[Items listed in a dataset]
++++++

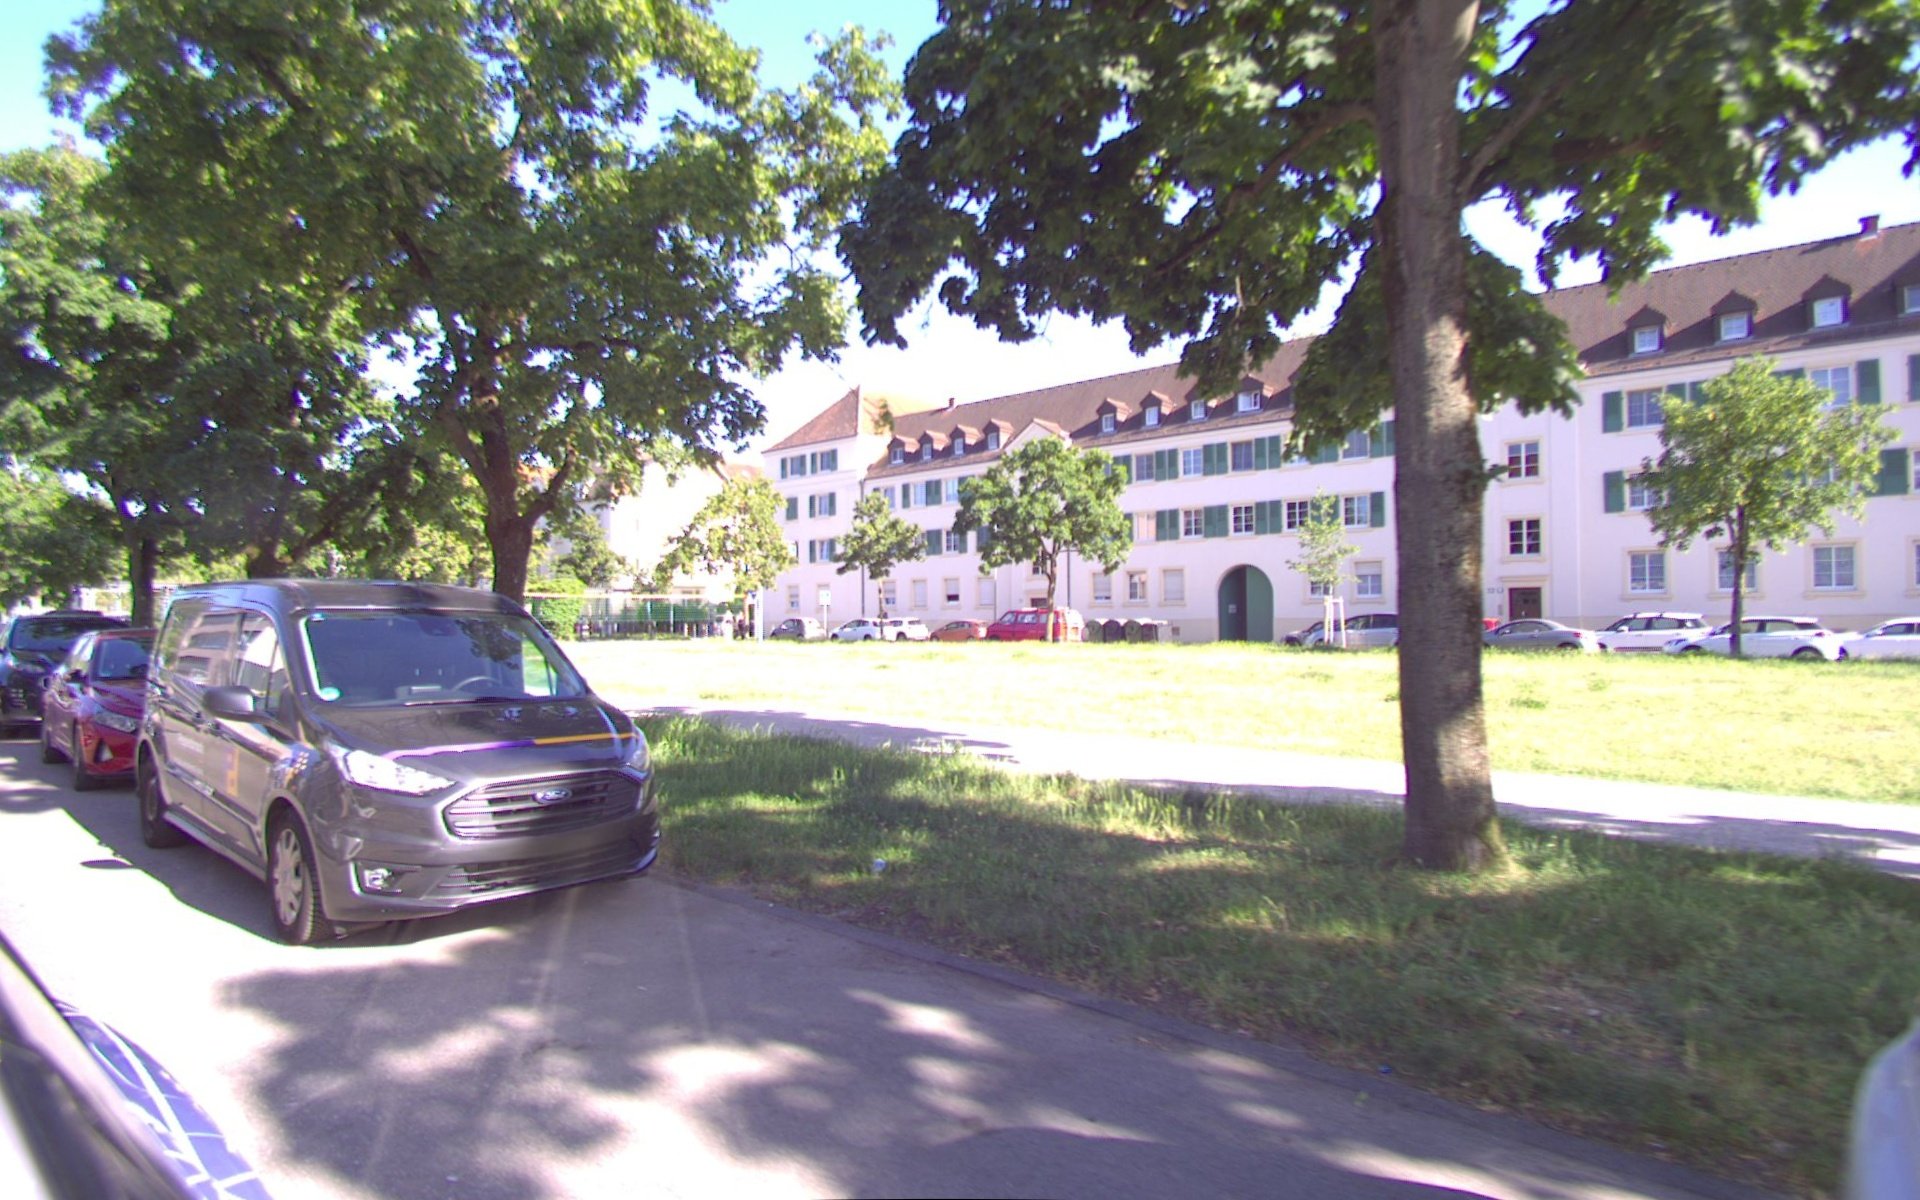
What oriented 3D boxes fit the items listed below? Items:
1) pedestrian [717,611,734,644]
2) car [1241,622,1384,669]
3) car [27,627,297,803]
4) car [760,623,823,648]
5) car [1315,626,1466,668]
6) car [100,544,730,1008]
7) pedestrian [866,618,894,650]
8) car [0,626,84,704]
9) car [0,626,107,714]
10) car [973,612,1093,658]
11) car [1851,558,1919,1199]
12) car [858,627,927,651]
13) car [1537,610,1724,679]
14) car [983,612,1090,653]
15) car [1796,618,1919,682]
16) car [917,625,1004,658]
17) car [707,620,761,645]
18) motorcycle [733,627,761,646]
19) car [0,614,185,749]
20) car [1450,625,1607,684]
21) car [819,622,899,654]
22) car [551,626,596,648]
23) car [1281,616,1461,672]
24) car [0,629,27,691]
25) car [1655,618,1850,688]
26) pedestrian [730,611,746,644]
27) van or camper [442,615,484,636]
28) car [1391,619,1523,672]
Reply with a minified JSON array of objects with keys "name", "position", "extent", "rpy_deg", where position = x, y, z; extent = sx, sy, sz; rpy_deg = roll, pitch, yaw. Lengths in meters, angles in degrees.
[{"name":"pedestrian","position":[-12.176,1.446,52.485],"extent":[0.750,1.698,0.537],"rpy_deg":[-2,-2,43]},{"name":"car","position":[15.009,1.903,43.260],"extent":[5.257,1.834,2.424],"rpy_deg":[-2,-2,43]},{"name":"car","position":[-8.239,1.005,10.317],"extent":[4.087,1.439,1.521],"rpy_deg":[-2,-2,42]},{"name":"car","position":[-9.497,2.004,56.875],"extent":[3.512,1.343,1.633],"rpy_deg":[-2,-2,40]},{"name":"car","position":[16.298,1.745,38.475],"extent":[4.955,1.496,1.973],"rpy_deg":[-1,-2,41]},{"name":"car","position":[-3.682,0.716,6.291],"extent":[4.989,1.798,1.844],"rpy_deg":[-1,-1,42]},{"name":"pedestrian","position":[-4.998,2.100,63.356],"extent":[1.161,1.978,1.327],"rpy_deg":[-1,-2,36]},{"name":"car","position":[-20.815,1.350,21.853],"extent":[5.152,1.528,1.974],"rpy_deg":[-2,-3,39]},{"name":"car","position":[-17.081,1.210,18.434],"extent":[3.803,1.429,1.860],"rpy_deg":[-1,-2,42]},{"name":"car","position":[3.282,1.590,46.263],"extent":[5.255,1.999,2.197],"rpy_deg":[-2,-2,41]},{"name":"car","position":[2.813,0.697,0.339],"extent":[3.682,1.504,1.570],"rpy_deg":[-2,-3,40]},{"name":"car","position":[-4.017,2.279,59.596],"extent":[3.998,1.366,1.750],"rpy_deg":[-2,-2,41]},{"name":"car","position":[23.663,1.525,35.806],"extent":[5.253,2.233,2.505],"rpy_deg":[-2,-2,40]},{"name":"car","position":[3.945,1.681,52.721],"extent":[5.252,1.999,2.198],"rpy_deg":[-2,-2,39]},{"name":"car","position":[28.937,1.494,30.937],"extent":[5.156,1.900,2.131],"rpy_deg":[-2,-2,41]},{"name":"car","position":[-0.011,2.269,56.128],"extent":[4.640,1.777,1.974],"rpy_deg":[-2,-2,39]},{"name":"car","position":[-18.198,2.619,81.600],"extent":[2.043,1.970,3.762],"rpy_deg":[-2,-2,43]},{"name":"motorcycle","position":[-15.522,2.652,73.654],"extent":[2.143,1.315,0.807],"rpy_deg":[-2,-2,40]},{"name":"car","position":[-12.896,1.063,14.511],"extent":[4.757,1.638,2.004],"rpy_deg":[-2,-3,43]},{"name":"car","position":[18.429,1.701,32.877],"extent":[4.009,1.763,2.292],"rpy_deg":[-2,-2,43]},{"name":"car","position":[-5.377,2.006,53.465],"extent":[4.233,1.595,1.770],"rpy_deg":[-2,-2,40]},{"name":"car","position":[-32.195,3.057,84.181],"extent":[4.000,1.807,1.929],"rpy_deg":[-2,-2,43]},{"name":"car","position":[14.636,1.539,36.230],"extent":[5.453,1.834,2.424],"rpy_deg":[-2,-2,43]},{"name":"car","position":[-25.139,1.479,25.431],"extent":[4.963,1.463,1.817],"rpy_deg":[-1,-2,39]},{"name":"car","position":[22.696,1.468,29.132],"extent":[4.253,1.834,2.214],"rpy_deg":[-2,-2,39]},{"name":"pedestrian","position":[-11.606,1.424,52.850],"extent":[0.537,1.698,0.674],"rpy_deg":[1,-2,-44]},{"name":"van or camper","position":[-48.405,2.460,98.579],"extent":[4.373,2.029,2.244],"rpy_deg":[-1,-1,42]},{"name":"car","position":[19.323,1.731,39.415],"extent":[4.164,1.919,2.240],"rpy_deg":[-2,-2,40]}]

++++++

Exercise requirements: The copy you produce must match the entries above exactly, except that it has no pictures.

Written answer:
What oriented 3D boxes fit the items listed below? Items:
1) pedestrian [717,611,734,644]
2) car [1241,622,1384,669]
3) car [27,627,297,803]
4) car [760,623,823,648]
5) car [1315,626,1466,668]
6) car [100,544,730,1008]
7) pedestrian [866,618,894,650]
8) car [0,626,84,704]
9) car [0,626,107,714]
10) car [973,612,1093,658]
11) car [1851,558,1919,1199]
12) car [858,627,927,651]
13) car [1537,610,1724,679]
14) car [983,612,1090,653]
15) car [1796,618,1919,682]
16) car [917,625,1004,658]
17) car [707,620,761,645]
18) motorcycle [733,627,761,646]
19) car [0,614,185,749]
20) car [1450,625,1607,684]
21) car [819,622,899,654]
22) car [551,626,596,648]
23) car [1281,616,1461,672]
24) car [0,629,27,691]
25) car [1655,618,1850,688]
26) pedestrian [730,611,746,644]
27) van or camper [442,615,484,636]
28) car [1391,619,1523,672]
Reply with a minified JSON array of objects with keys "name", "position", "extent", "rpy_deg", where position = x, y, z; extent = sx, sy, sz; rpy_deg = roll, pitch, yaw. Lengths in meters, angles in degrees.
[{"name":"pedestrian","position":[-12.176,1.446,52.485],"extent":[0.750,1.698,0.537],"rpy_deg":[-2,-2,43]},{"name":"car","position":[15.009,1.903,43.260],"extent":[5.257,1.834,2.424],"rpy_deg":[-2,-2,43]},{"name":"car","position":[-8.239,1.005,10.317],"extent":[4.087,1.439,1.521],"rpy_deg":[-2,-2,42]},{"name":"car","position":[-9.497,2.004,56.875],"extent":[3.512,1.343,1.633],"rpy_deg":[-2,-2,40]},{"name":"car","position":[16.298,1.745,38.475],"extent":[4.955,1.496,1.973],"rpy_deg":[-1,-2,41]},{"name":"car","position":[-3.682,0.716,6.291],"extent":[4.989,1.798,1.844],"rpy_deg":[-1,-1,42]},{"name":"pedestrian","position":[-4.998,2.100,63.356],"extent":[1.161,1.978,1.327],"rpy_deg":[-1,-2,36]},{"name":"car","position":[-20.815,1.350,21.853],"extent":[5.152,1.528,1.974],"rpy_deg":[-2,-3,39]},{"name":"car","position":[-17.081,1.210,18.434],"extent":[3.803,1.429,1.860],"rpy_deg":[-1,-2,42]},{"name":"car","position":[3.282,1.590,46.263],"extent":[5.255,1.999,2.197],"rpy_deg":[-2,-2,41]},{"name":"car","position":[2.813,0.697,0.339],"extent":[3.682,1.504,1.570],"rpy_deg":[-2,-3,40]},{"name":"car","position":[-4.017,2.279,59.596],"extent":[3.998,1.366,1.750],"rpy_deg":[-2,-2,41]},{"name":"car","position":[23.663,1.525,35.806],"extent":[5.253,2.233,2.505],"rpy_deg":[-2,-2,40]},{"name":"car","position":[3.945,1.681,52.721],"extent":[5.252,1.999,2.198],"rpy_deg":[-2,-2,39]},{"name":"car","position":[28.937,1.494,30.937],"extent":[5.156,1.900,2.131],"rpy_deg":[-2,-2,41]},{"name":"car","position":[-0.011,2.269,56.128],"extent":[4.640,1.777,1.974],"rpy_deg":[-2,-2,39]},{"name":"car","position":[-18.198,2.619,81.600],"extent":[2.043,1.970,3.762],"rpy_deg":[-2,-2,43]},{"name":"motorcycle","position":[-15.522,2.652,73.654],"extent":[2.143,1.315,0.807],"rpy_deg":[-2,-2,40]},{"name":"car","position":[-12.896,1.063,14.511],"extent":[4.757,1.638,2.004],"rpy_deg":[-2,-3,43]},{"name":"car","position":[18.429,1.701,32.877],"extent":[4.009,1.763,2.292],"rpy_deg":[-2,-2,43]},{"name":"car","position":[-5.377,2.006,53.465],"extent":[4.233,1.595,1.770],"rpy_deg":[-2,-2,40]},{"name":"car","position":[-32.195,3.057,84.181],"extent":[4.000,1.807,1.929],"rpy_deg":[-2,-2,43]},{"name":"car","position":[14.636,1.539,36.230],"extent":[5.453,1.834,2.424],"rpy_deg":[-2,-2,43]},{"name":"car","position":[-25.139,1.479,25.431],"extent":[4.963,1.463,1.817],"rpy_deg":[-1,-2,39]},{"name":"car","position":[22.696,1.468,29.132],"extent":[4.253,1.834,2.214],"rpy_deg":[-2,-2,39]},{"name":"pedestrian","position":[-11.606,1.424,52.850],"extent":[0.537,1.698,0.674],"rpy_deg":[1,-2,-44]},{"name":"van or camper","position":[-48.405,2.460,98.579],"extent":[4.373,2.029,2.244],"rpy_deg":[-1,-1,42]},{"name":"car","position":[19.323,1.731,39.415],"extent":[4.164,1.919,2.240],"rpy_deg":[-2,-2,40]}]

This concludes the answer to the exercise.